* _Exercise objective_: From the data below, retype exactly the lines starting with the one that contains "maker's role: print maker" and ending with the one that contains "tags: biting, child, head-gear: cap", both included.
┌─ Dataset records
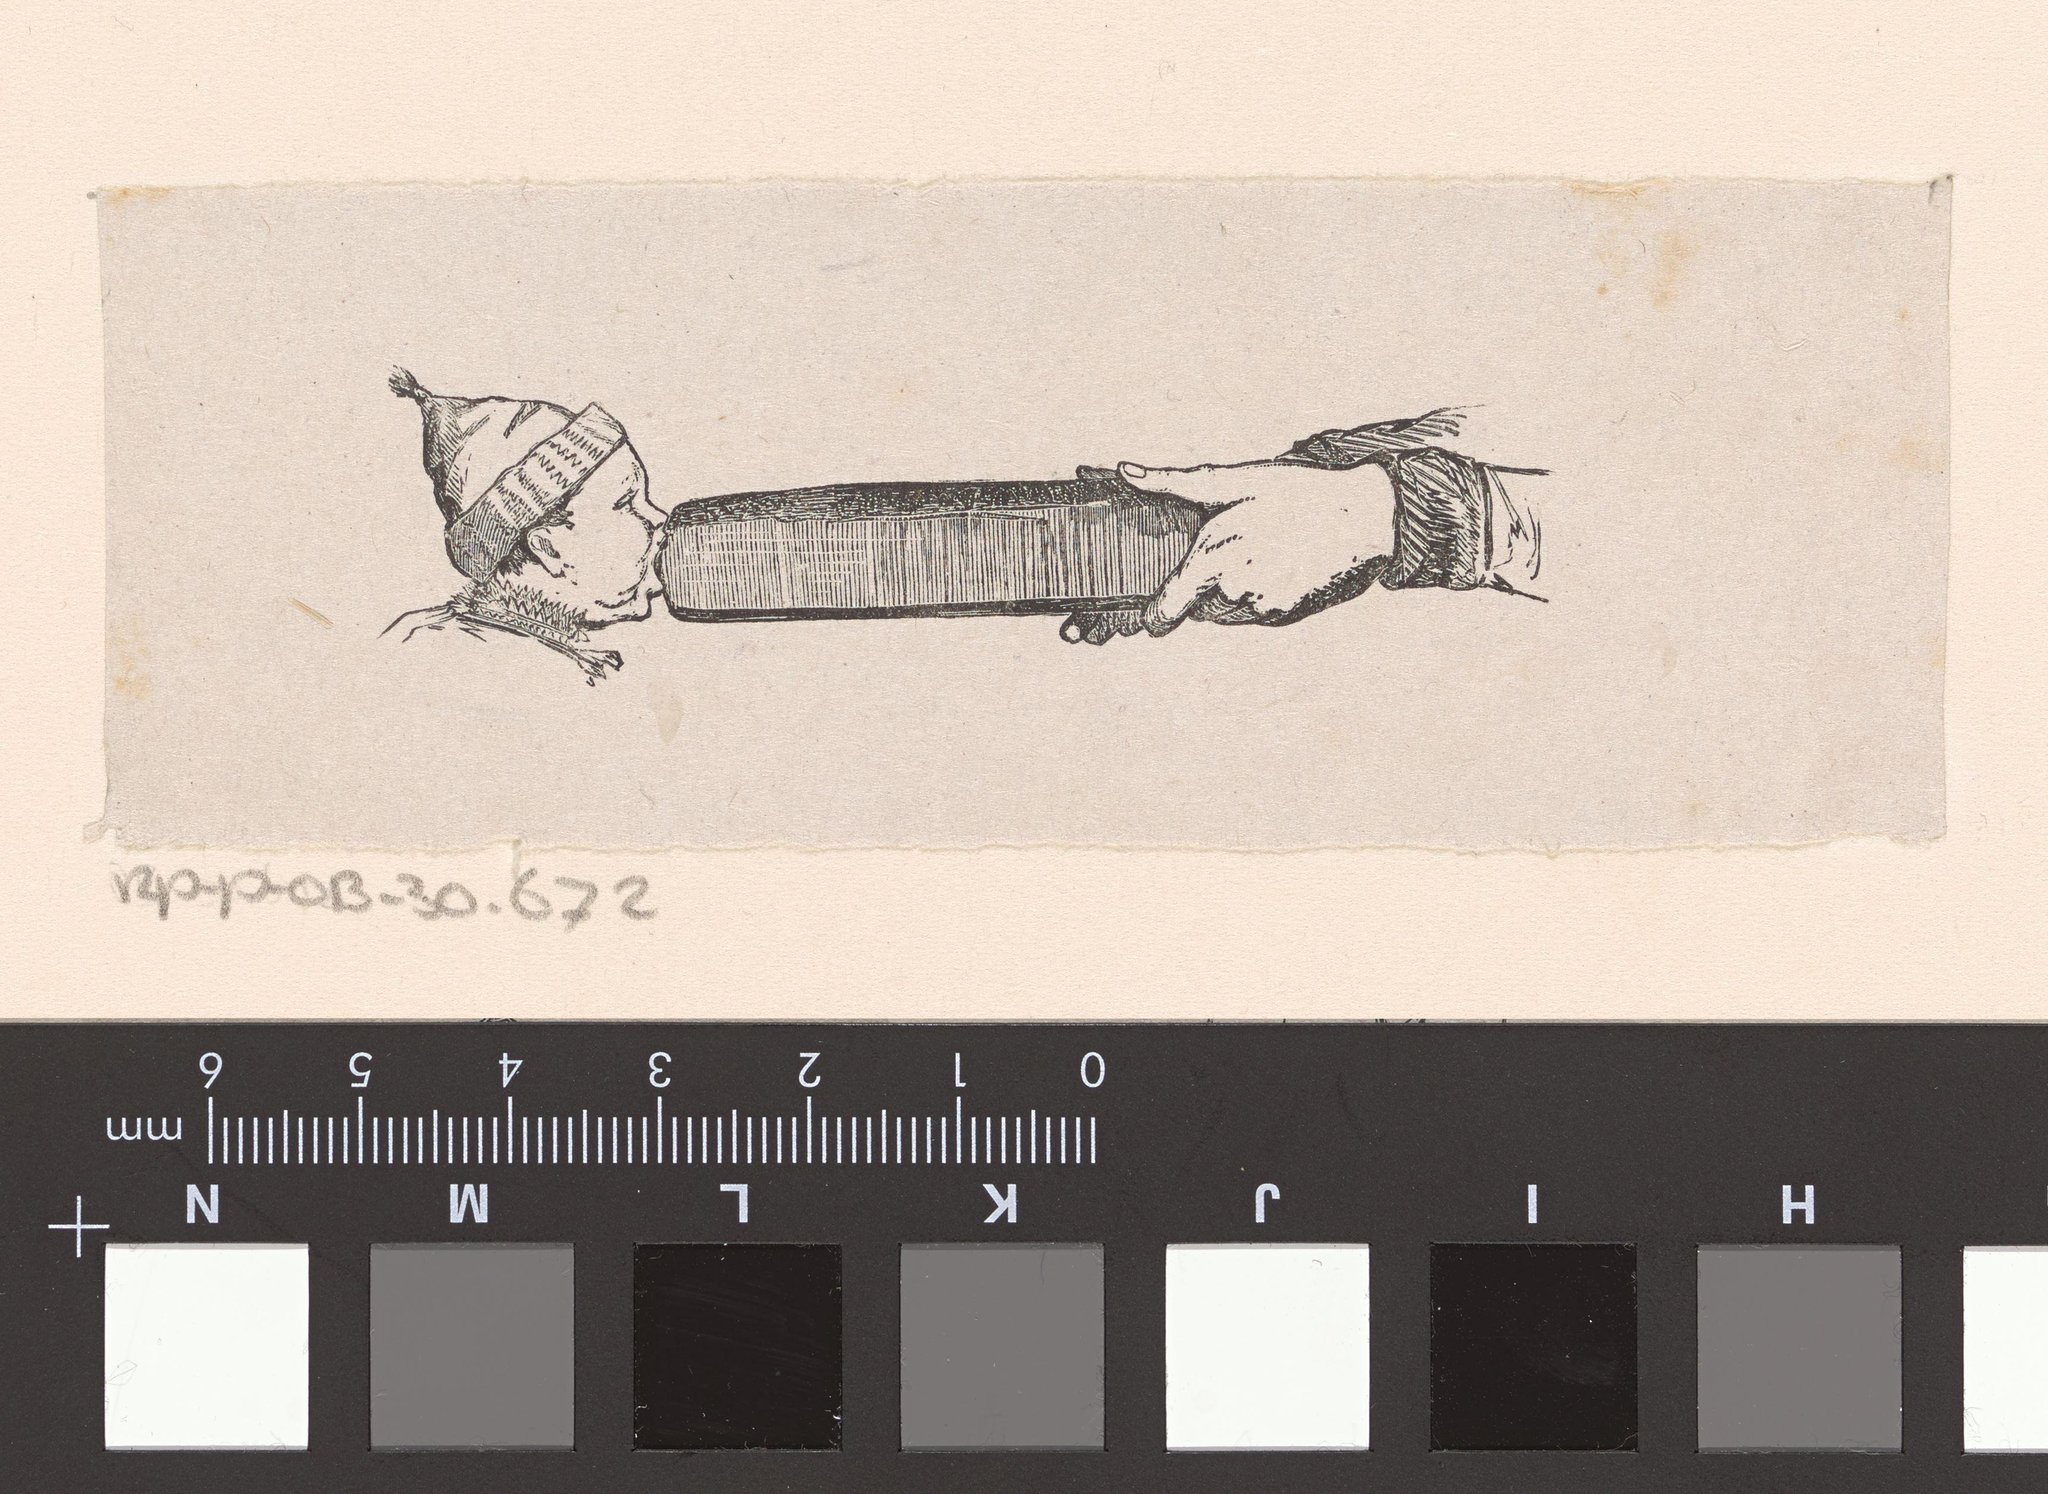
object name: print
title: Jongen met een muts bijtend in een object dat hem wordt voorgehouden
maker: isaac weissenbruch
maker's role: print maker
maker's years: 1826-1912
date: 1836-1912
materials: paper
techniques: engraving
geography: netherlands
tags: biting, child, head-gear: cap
└─
┌─ Dataset records
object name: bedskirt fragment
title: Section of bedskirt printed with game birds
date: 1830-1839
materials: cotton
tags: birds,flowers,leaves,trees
└─
┌─ Dataset records
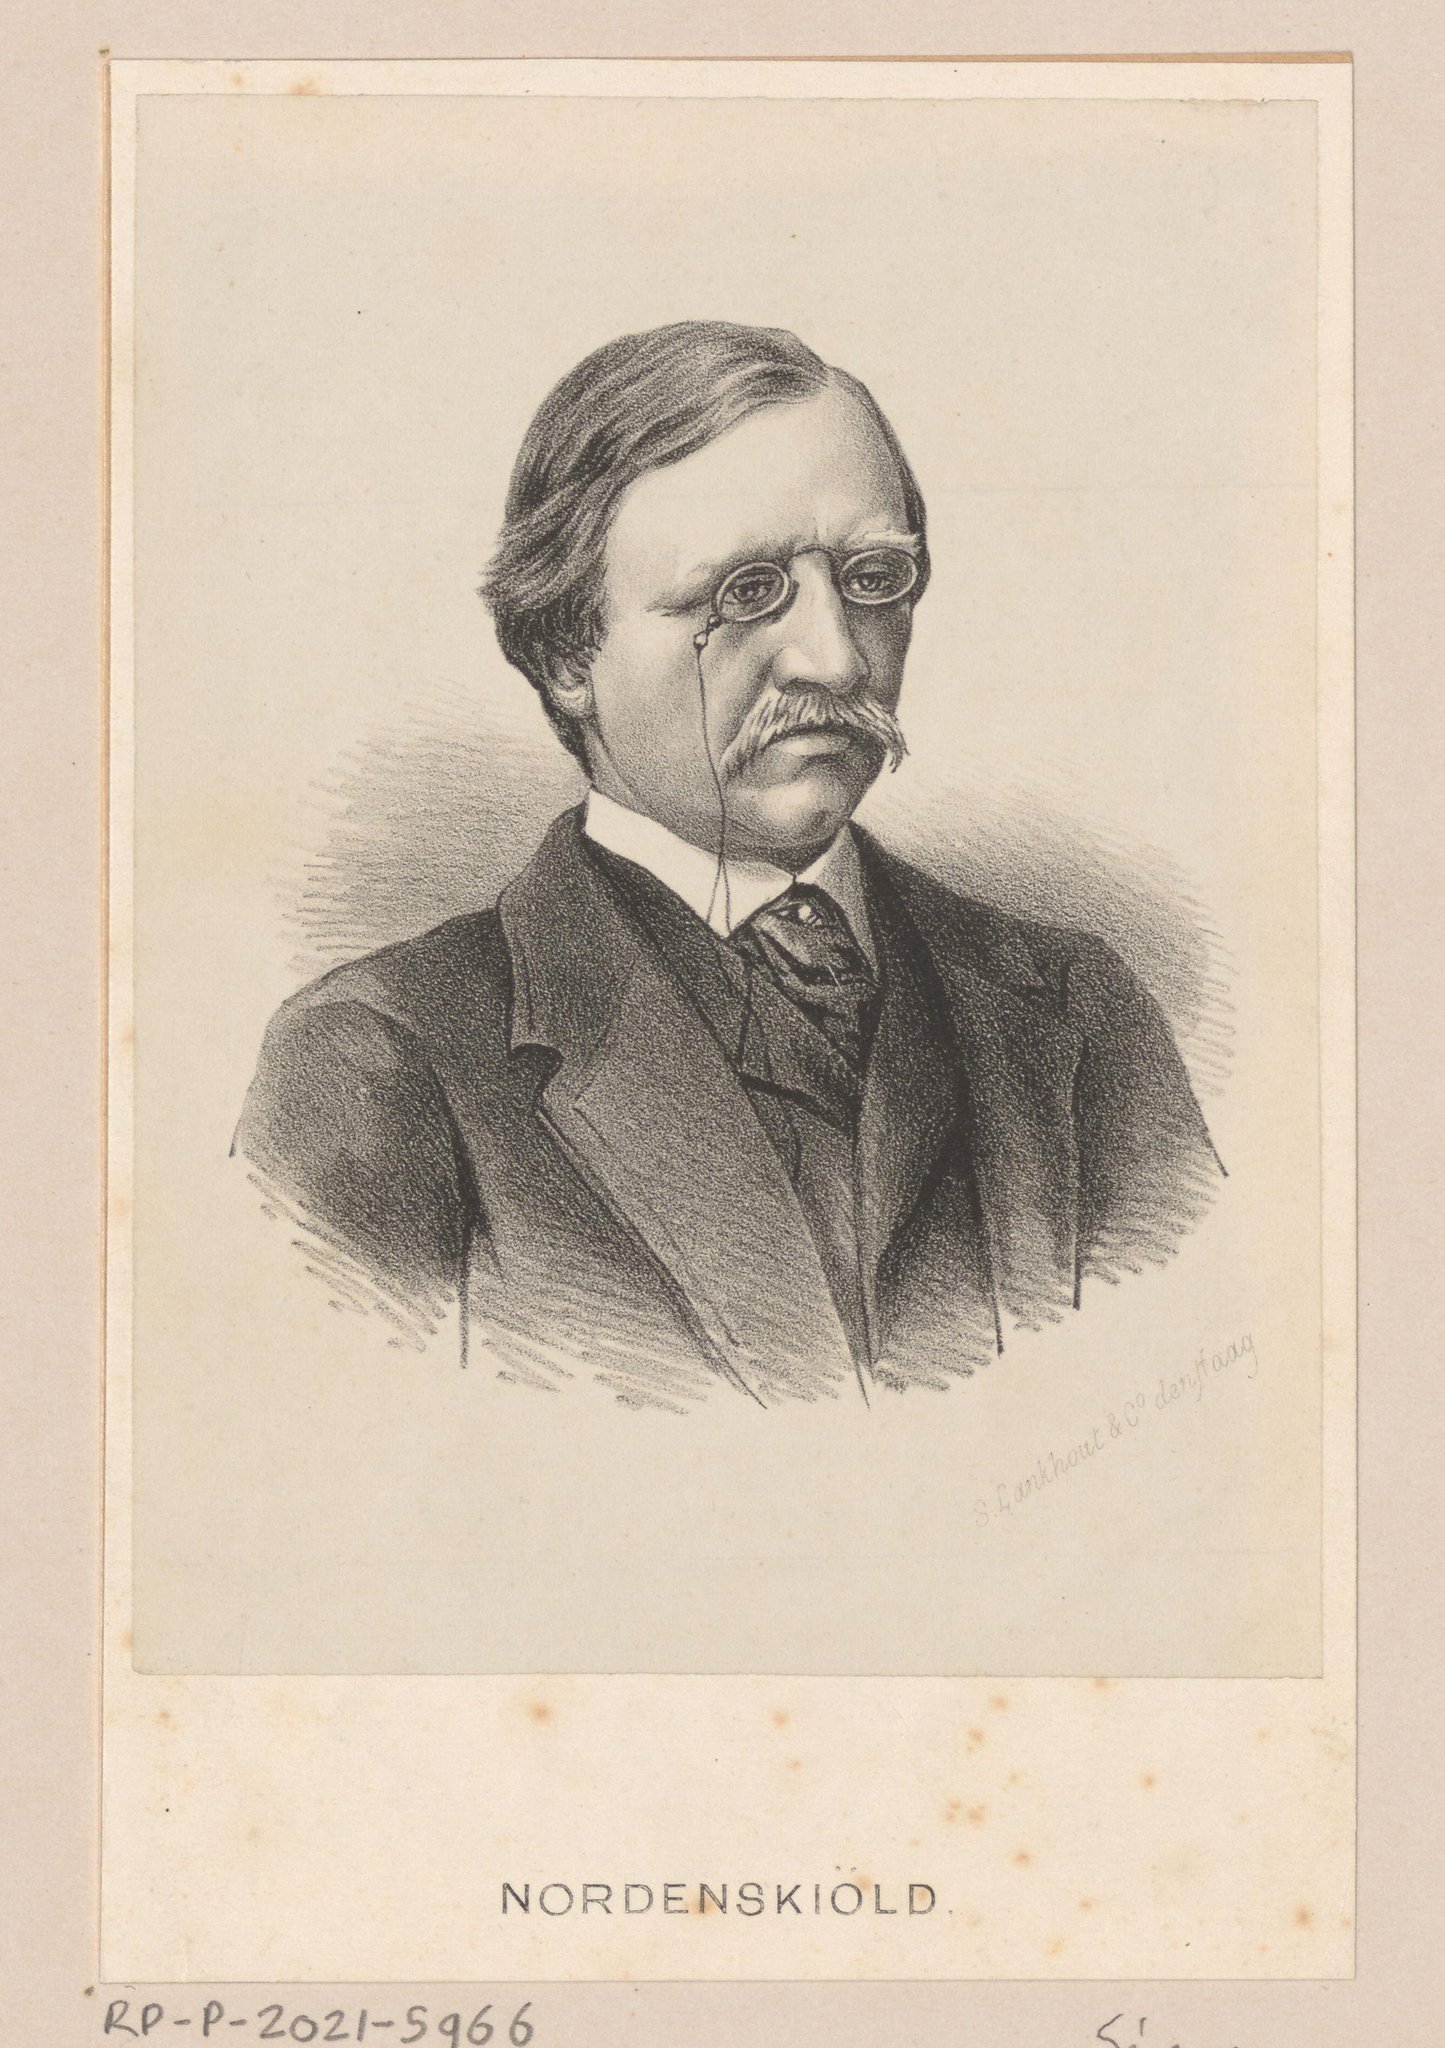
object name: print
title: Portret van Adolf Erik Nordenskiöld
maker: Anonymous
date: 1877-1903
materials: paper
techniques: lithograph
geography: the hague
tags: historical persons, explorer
└─
* _Exercise response_:
maker's role: print maker
maker's years: 1826-1912
date: 1836-1912
materials: paper
techniques: engraving
geography: netherlands
tags: biting, child, head-gear: cap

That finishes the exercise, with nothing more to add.